We simulate the design again, but this time on the \(y\)-axis we plot the proportion of simulations in which the true effect is 0 at a given \(p\)-value: in other words, we graph the posterior probability that the estimand is zero.

`simulations <- simulate_design(design_mass)`

The \(p\)-value increases with the probability that the null hypothesis is true.

# Warning: Posteriors depend on the design, not just on the results

It is nice that one can make inferences about estimands using \(p\)-values.
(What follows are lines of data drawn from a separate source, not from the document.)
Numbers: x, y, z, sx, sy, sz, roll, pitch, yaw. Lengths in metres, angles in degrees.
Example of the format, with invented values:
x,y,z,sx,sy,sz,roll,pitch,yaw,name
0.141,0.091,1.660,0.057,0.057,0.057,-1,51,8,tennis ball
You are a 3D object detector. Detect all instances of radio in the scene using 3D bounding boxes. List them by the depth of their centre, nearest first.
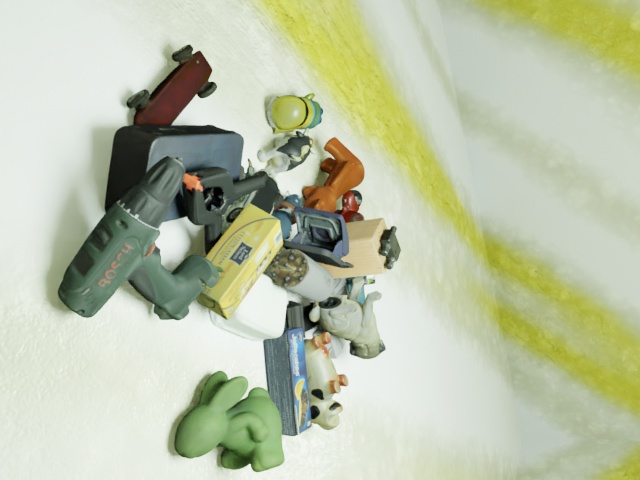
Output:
x,y,z,sx,sy,sz,roll,pitch,yaw,name
-0.212,-0.106,0.822,0.229,0.073,0.131,-25,131,-61,radio

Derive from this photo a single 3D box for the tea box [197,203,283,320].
x,y,z,sx,sy,sz,roll,pitch,yaw,name
-0.136,0.036,0.888,0.169,0.068,0.098,-54,165,-23,tea box

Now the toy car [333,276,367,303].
x,y,z,sx,sy,sz,roll,pitch,yaw,name
0.045,0.120,1.272,0.103,0.109,0.161,-22,116,-38,toy car

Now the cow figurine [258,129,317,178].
x,y,z,sx,sy,sz,roll,pitch,yaw,name
-0.052,-0.197,1.156,0.068,0.098,0.167,65,33,-18,cow figurine

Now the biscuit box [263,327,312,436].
x,y,z,sx,sy,sz,roll,pitch,yaw,name
-0.064,0.275,1.059,0.059,0.063,0.202,0,84,-62,biscuit box

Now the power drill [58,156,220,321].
x,y,z,sx,sy,sz,roll,pitch,yaw,name
-0.220,0.020,0.731,0.232,0.086,0.207,-50,155,-8,power drill

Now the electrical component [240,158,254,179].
x,y,z,sx,sy,sz,roll,pitch,yaw,name
-0.162,-0.126,0.993,0.102,0.045,0.078,44,45,-49,electrical component

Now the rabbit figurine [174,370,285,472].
x,y,z,sx,sy,sz,roll,pitch,yaw,name
-0.146,0.294,0.855,0.170,0.121,0.159,15,77,-44,rabbit figurine

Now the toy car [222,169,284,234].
x,y,z,sx,sy,sz,roll,pitch,yaw,name
-0.127,-0.059,1.032,0.073,0.056,0.202,55,37,-30,toy car

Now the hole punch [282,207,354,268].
x,y,z,sx,sy,sz,roll,pitch,yaw,name
-0.002,-0.003,1.065,0.115,0.142,0.092,47,56,-64,hole punch

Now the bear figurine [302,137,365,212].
x,y,z,sx,sy,sz,roll,pitch,yaw,name
0.012,-0.127,1.268,0.196,0.132,0.120,-43,163,-23,bear figurine

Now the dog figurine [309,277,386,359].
x,y,z,sx,sy,sz,roll,pitch,yaw,name
0.060,0.201,1.187,0.121,0.172,0.190,-125,-153,-61,dog figurine

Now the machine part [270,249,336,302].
x,y,z,sx,sy,sz,roll,pitch,yaw,name
-0.030,0.073,1.064,0.243,0.079,0.079,40,49,-64,machine part

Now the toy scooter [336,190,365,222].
x,y,z,sx,sy,sz,roll,pitch,yaw,name
0.067,-0.027,1.345,0.135,0.075,0.183,-38,127,-52,toy scooter

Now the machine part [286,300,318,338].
x,y,z,sx,sy,sz,roll,pitch,yaw,name
-0.033,0.167,1.168,0.139,0.039,0.084,-3,81,-60,machine part

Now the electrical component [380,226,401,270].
x,y,z,sx,sy,sz,roll,pitch,yaw,name
0.148,0.014,1.114,0.063,0.021,0.094,64,33,-29,electrical component

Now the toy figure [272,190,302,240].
x,y,z,sx,sy,sz,roll,pitch,yaw,name
-0.079,-0.047,1.116,0.154,0.058,0.064,-64,143,-52,toy figure

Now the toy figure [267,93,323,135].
x,y,z,sx,sy,sz,roll,pitch,yaw,name
-0.047,-0.285,1.195,0.180,0.089,0.082,-17,91,-59,toy figure

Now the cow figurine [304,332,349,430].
x,y,z,sx,sy,sz,roll,pitch,yaw,name
-0.010,0.300,1.114,0.085,0.127,0.195,-15,83,-62,cow figurine

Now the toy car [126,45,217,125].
x,y,z,sx,sy,sz,roll,pitch,yaw,name
-0.238,-0.236,0.873,0.089,0.053,0.202,54,44,-35,toy car

But unfortunately, there is no general mapping from \(p\)-values to posteriors. Obviously priors matter. Less obviously, perhaps, you also need to have access to the design itself, which determines the likelihood. For instance, the inferences made from knowledge of a \(p\)-value would be different for large and small studies.

We illustrate briefly by expanding `design_mass`

to two designs with different \(N\)s and showing the mapping from \(p\)s to posteriors on the null for each of these.

`designs <- redesign(design_mass, N = c(50, 500))`

We see here that for *any* \(p\)-value your belief that the null is true will be greater in the large \(N\) case than in the small \(N\) case (of course if the null is not true, then you expect to have a smaller \(p\) in the large \(N\) case than in the small \(N\) case).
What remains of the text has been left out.